Gert van Egen (I) (alternative names: Gert va Egerem, Gert van Eggernn) (Mechelen, c. 1550 – Elsinore, 1612) was a Flemish sculptor who became a sculptor working for the Royal Danish Court.

==Life==
Little is known about his life. He was likely trained in Mechelen and was later a pupil or assistant in the Antwerp workshop of Cornelis Floris de Vriendt whose work was particularly popular in Northern Europe. He was part of a group of pupils and assistants of Cornelis Floris, who moved to countries situated on the Baltic Sea to take advantage of Floris’ network and the international popularity of the Floris style. The Baltic region was at the time politically relatively stable when compared to van Egen's native home, the Spanish Netherlands, which were rife with religious persecution.
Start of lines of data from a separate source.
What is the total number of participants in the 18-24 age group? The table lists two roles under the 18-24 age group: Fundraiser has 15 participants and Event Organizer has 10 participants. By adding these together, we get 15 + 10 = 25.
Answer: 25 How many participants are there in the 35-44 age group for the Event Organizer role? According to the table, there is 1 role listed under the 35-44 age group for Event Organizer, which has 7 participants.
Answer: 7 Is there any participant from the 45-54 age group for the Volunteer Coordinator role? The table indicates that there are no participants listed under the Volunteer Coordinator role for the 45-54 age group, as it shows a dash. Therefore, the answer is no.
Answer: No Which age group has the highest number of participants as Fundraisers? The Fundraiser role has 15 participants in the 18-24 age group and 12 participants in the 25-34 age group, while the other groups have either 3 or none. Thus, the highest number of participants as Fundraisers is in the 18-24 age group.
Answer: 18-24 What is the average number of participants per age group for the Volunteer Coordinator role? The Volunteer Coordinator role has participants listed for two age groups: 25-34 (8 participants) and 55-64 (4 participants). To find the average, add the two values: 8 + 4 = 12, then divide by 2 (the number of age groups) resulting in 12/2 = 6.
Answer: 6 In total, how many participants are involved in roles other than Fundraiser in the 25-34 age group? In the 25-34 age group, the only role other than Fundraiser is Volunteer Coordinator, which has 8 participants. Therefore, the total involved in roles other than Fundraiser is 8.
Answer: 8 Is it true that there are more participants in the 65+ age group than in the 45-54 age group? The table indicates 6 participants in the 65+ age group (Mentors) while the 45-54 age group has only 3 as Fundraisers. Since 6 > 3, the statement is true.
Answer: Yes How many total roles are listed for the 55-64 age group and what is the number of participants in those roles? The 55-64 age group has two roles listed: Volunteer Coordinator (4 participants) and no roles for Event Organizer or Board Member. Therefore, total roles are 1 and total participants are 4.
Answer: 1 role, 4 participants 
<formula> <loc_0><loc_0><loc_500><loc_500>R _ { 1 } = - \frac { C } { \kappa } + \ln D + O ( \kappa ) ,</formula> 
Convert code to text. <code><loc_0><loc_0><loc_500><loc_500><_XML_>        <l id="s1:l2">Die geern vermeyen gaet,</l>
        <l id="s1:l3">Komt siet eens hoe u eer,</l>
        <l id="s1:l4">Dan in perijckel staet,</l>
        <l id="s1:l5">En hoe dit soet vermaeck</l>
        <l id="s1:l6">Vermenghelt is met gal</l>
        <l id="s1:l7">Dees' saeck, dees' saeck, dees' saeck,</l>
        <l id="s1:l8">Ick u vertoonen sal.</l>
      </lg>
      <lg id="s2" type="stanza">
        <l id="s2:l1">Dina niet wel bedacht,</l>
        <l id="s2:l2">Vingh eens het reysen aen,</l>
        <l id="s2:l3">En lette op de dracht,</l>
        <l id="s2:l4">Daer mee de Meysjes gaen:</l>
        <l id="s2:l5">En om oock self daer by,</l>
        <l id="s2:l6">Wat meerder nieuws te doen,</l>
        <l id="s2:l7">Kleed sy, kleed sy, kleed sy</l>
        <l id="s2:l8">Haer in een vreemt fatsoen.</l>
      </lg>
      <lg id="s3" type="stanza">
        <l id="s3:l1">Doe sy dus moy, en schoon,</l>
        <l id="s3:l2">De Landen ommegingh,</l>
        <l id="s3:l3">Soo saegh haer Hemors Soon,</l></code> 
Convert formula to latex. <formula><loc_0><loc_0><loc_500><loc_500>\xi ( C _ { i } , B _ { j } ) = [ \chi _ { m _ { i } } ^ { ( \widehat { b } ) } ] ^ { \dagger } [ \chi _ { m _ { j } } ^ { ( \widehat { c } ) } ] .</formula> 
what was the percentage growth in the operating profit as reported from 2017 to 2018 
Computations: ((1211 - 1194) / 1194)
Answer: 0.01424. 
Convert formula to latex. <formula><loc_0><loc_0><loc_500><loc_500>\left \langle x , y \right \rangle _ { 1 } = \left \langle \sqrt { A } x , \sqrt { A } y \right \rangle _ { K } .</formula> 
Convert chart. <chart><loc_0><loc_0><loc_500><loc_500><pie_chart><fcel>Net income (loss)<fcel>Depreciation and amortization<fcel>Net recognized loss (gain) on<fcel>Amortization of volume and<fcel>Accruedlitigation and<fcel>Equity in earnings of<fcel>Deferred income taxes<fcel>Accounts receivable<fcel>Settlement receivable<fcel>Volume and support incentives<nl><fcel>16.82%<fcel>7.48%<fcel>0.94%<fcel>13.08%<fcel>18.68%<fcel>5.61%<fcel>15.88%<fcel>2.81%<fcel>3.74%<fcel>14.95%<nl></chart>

There was also less competition from other artists in these countries.

He was employed, together with his brother Peter, in Denmark at Kronborg Castle from 1578 to 1585. The principal architects of Kronborg Castle were his fellow Flemings Hans Hendrik van Paesschen and Anthonis van Obbergen, whereas the sculptural work was coordinated by Dutchman Gert van Groningen. At this time king Frederick II of Denmark had the medieval fortress radically transformed into a magnificent Renaissance castle. Van Egen was one of the best paid sculptors, indicating that he had important responsibilities in the decoration of Kronborg, although there are no records as to what these were. While his brother Peter likely left with van Obbergen for Danzig upon completion of the work at Kronborg Castle, Gert stayed on in Denmark to work for the Danish royal family.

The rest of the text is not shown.